AIM OF THE EXERCISE: An exact copy of the data is needed, one that excludes all pictures.

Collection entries

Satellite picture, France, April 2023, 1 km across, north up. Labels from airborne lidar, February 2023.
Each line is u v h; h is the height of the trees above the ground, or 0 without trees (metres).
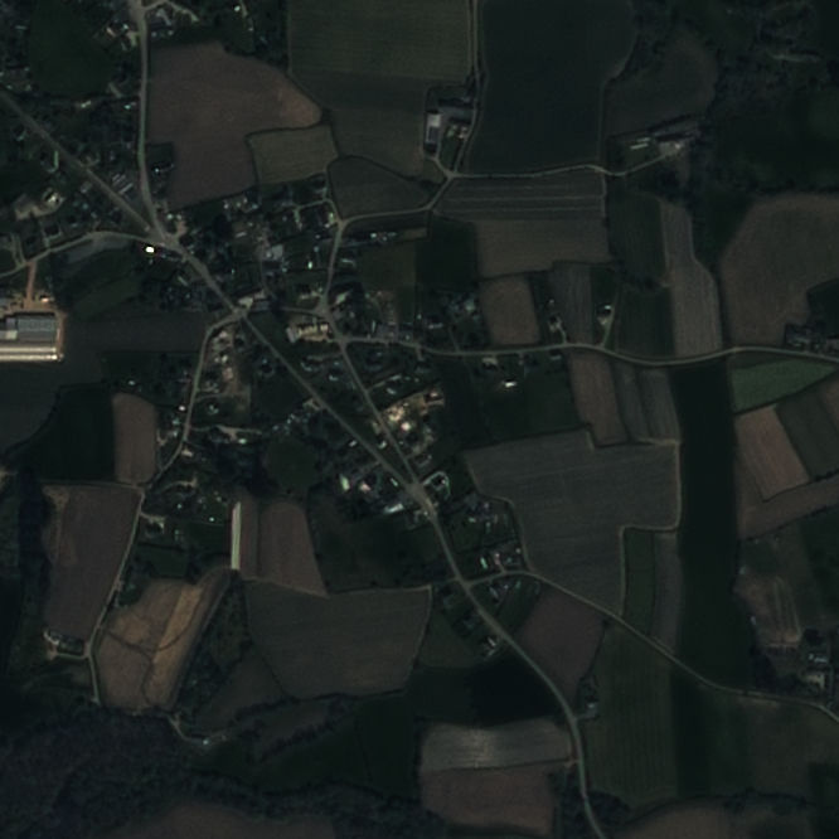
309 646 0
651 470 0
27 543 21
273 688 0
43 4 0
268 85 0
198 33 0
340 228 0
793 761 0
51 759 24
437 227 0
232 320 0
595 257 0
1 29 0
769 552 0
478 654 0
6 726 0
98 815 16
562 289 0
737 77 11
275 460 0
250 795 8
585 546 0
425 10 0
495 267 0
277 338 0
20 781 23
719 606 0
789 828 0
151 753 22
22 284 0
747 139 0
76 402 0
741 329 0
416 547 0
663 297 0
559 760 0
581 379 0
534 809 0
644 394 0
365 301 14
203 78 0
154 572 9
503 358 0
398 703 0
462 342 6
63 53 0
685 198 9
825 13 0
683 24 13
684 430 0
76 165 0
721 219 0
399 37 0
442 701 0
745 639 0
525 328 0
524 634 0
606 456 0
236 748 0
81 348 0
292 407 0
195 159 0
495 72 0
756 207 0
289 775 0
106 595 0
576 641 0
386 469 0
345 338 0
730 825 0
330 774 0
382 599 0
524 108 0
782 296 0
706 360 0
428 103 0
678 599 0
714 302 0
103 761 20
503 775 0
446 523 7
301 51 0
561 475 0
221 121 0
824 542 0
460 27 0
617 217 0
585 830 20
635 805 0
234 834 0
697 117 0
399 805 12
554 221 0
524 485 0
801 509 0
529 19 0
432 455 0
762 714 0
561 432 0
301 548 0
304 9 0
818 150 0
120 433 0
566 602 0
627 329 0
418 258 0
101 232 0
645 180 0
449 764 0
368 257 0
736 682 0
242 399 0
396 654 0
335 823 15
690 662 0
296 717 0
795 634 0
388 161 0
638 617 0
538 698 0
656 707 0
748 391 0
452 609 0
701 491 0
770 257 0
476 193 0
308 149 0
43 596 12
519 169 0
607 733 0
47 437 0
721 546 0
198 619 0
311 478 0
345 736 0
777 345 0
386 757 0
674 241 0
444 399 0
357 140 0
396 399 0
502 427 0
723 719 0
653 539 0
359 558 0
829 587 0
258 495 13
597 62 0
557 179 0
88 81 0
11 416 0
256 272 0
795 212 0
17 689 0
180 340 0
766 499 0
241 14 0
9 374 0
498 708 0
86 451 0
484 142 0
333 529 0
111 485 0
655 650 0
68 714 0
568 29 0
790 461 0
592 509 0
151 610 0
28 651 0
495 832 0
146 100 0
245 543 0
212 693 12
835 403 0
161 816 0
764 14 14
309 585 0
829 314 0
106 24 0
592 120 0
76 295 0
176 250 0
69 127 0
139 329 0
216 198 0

EXERCISE RESPONSE:
Satellite picture, France, April 2023, 1 km across, north up. Labels from airborne lidar, February 2023.
Each line is u v h; h is the height of the trees above the ground, or 0 without trees (metres).
309 646 0
651 470 0
27 543 21
273 688 0
43 4 0
268 85 0
198 33 0
340 228 0
793 761 0
51 759 24
437 227 0
232 320 0
595 257 0
1 29 0
769 552 0
478 654 0
6 726 0
98 815 16
562 289 0
737 77 11
275 460 0
250 795 8
585 546 0
425 10 0
495 267 0
277 338 0
20 781 23
719 606 0
789 828 0
151 753 22
22 284 0
747 139 0
76 402 0
741 329 0
416 547 0
663 297 0
559 760 0
581 379 0
534 809 0
644 394 0
365 301 14
203 78 0
154 572 9
503 358 0
398 703 0
462 342 6
63 53 0
685 198 9
825 13 0
683 24 13
684 430 0
76 165 0
721 219 0
399 37 0
442 701 0
745 639 0
525 328 0
524 634 0
606 456 0
236 748 0
81 348 0
292 407 0
195 159 0
495 72 0
756 207 0
289 775 0
106 595 0
576 641 0
386 469 0
345 338 0
730 825 0
330 774 0
382 599 0
524 108 0
782 296 0
706 360 0
428 103 0
678 599 0
714 302 0
103 761 20
503 775 0
446 523 7
301 51 0
561 475 0
221 121 0
824 542 0
460 27 0
617 217 0
585 830 20
635 805 0
234 834 0
697 117 0
399 805 12
554 221 0
524 485 0
801 509 0
529 19 0
432 455 0
762 714 0
561 432 0
301 548 0
304 9 0
818 150 0
120 433 0
566 602 0
627 329 0
418 258 0
101 232 0
645 180 0
449 764 0
368 257 0
736 682 0
242 399 0
396 654 0
335 823 15
690 662 0
296 717 0
795 634 0
388 161 0
638 617 0
538 698 0
656 707 0
748 391 0
452 609 0
701 491 0
770 257 0
476 193 0
308 149 0
43 596 12
519 169 0
607 733 0
47 437 0
721 546 0
198 619 0
311 478 0
345 736 0
777 345 0
386 757 0
674 241 0
444 399 0
357 140 0
396 399 0
502 427 0
723 719 0
653 539 0
359 558 0
829 587 0
258 495 13
597 62 0
557 179 0
88 81 0
11 416 0
256 272 0
795 212 0
17 689 0
180 340 0
766 499 0
241 14 0
9 374 0
498 708 0
86 451 0
484 142 0
333 529 0
111 485 0
655 650 0
68 714 0
568 29 0
790 461 0
592 509 0
151 610 0
28 651 0
495 832 0
146 100 0
245 543 0
212 693 12
835 403 0
161 816 0
764 14 14
309 585 0
829 314 0
106 24 0
592 120 0
76 295 0
176 250 0
69 127 0
139 329 0
216 198 0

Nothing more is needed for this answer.